[Given records Boundary: Start]

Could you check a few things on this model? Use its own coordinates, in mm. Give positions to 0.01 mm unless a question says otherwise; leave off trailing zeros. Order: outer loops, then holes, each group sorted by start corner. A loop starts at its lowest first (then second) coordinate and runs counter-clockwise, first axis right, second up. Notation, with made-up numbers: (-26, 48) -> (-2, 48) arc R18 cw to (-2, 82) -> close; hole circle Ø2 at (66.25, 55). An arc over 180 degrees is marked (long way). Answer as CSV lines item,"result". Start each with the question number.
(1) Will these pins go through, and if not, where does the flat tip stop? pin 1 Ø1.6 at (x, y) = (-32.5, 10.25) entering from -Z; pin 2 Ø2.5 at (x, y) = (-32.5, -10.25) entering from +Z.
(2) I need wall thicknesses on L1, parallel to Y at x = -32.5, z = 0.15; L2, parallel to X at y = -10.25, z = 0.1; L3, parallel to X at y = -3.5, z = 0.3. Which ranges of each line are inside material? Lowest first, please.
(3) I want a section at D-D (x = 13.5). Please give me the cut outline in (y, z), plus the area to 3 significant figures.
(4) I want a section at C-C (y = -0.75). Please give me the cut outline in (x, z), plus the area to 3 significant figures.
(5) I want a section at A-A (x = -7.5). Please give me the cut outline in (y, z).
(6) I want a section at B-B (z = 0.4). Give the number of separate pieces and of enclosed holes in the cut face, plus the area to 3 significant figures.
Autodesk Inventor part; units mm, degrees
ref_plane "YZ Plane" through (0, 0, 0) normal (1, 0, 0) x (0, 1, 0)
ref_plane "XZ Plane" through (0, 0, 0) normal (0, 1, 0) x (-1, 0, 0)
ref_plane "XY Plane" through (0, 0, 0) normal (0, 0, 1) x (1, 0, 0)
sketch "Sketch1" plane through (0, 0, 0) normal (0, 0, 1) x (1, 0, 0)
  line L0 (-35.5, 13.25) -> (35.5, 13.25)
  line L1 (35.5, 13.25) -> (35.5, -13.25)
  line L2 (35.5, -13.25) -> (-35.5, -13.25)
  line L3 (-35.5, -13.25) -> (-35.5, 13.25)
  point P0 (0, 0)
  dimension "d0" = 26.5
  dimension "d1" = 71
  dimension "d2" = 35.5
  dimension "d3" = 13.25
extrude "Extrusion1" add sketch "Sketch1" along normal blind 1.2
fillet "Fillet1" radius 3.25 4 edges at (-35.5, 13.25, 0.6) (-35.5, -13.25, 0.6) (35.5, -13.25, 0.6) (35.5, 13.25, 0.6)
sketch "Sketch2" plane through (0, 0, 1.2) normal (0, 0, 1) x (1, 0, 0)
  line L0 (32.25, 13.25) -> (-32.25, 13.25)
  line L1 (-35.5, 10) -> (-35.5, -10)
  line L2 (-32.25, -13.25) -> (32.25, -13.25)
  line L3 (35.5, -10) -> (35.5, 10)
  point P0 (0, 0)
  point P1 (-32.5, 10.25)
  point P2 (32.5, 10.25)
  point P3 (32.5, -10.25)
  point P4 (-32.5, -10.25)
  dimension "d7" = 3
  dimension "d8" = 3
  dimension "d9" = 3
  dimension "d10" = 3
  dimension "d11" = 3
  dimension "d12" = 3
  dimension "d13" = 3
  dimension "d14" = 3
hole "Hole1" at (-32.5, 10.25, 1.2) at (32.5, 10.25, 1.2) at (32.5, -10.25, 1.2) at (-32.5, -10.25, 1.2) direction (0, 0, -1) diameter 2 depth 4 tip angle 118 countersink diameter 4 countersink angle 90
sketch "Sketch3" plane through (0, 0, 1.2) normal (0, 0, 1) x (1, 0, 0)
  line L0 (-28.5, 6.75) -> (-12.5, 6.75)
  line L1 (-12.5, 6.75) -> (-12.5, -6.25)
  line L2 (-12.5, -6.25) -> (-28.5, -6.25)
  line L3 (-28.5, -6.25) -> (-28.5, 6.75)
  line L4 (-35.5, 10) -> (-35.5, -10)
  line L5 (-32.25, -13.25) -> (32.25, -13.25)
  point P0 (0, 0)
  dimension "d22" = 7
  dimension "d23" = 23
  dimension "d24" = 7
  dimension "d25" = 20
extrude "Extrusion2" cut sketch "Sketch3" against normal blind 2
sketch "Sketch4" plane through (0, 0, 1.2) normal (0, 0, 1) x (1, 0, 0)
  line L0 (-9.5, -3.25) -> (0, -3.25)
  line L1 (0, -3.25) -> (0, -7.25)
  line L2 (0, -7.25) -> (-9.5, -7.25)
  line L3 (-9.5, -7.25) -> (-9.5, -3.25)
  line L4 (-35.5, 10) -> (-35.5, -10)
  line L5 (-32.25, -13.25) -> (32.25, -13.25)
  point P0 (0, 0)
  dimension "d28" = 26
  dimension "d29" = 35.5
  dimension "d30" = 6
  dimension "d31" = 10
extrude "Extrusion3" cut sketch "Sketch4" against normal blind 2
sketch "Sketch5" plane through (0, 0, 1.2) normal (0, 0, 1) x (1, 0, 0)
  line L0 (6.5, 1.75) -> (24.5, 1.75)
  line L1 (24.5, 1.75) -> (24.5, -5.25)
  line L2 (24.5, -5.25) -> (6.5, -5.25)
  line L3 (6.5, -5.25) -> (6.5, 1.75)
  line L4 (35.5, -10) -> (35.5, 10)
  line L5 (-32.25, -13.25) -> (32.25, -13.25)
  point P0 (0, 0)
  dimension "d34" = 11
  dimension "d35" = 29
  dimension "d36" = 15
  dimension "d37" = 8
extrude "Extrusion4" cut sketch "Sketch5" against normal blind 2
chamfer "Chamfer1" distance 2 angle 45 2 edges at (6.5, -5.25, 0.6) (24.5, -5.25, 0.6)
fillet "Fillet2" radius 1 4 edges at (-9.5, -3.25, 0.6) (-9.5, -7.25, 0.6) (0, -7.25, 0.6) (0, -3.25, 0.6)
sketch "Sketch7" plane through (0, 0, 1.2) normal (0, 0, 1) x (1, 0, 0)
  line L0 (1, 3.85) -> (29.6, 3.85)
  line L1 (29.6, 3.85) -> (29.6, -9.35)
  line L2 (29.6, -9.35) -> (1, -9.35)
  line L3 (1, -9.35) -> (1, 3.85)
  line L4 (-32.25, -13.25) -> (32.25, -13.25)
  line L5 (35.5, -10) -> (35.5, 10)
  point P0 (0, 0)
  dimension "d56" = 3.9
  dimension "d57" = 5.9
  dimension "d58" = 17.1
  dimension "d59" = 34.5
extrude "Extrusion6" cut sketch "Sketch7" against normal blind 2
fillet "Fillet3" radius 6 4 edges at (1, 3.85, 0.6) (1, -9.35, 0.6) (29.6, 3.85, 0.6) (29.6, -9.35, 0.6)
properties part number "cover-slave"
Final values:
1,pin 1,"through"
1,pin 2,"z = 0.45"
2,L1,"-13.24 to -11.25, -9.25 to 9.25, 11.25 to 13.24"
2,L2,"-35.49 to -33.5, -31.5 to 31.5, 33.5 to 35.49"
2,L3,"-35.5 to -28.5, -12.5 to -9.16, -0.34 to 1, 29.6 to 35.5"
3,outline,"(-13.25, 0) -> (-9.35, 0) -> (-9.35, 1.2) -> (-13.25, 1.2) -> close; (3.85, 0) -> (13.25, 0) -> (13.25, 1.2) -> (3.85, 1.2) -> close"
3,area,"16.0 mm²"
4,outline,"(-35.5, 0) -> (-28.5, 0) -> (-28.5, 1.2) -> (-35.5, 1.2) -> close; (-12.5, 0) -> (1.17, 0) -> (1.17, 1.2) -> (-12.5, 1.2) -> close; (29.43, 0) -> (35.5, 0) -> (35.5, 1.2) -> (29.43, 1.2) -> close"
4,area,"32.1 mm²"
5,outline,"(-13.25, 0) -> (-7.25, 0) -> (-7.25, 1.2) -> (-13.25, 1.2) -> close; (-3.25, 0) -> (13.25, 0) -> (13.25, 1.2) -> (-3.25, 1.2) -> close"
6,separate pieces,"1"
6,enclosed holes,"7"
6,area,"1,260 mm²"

[Given records Boundary: End]

(Work to be completed) Looking over the entries above, how many lines contain the string "blind"? State the number and nothing else.

(Answer) 5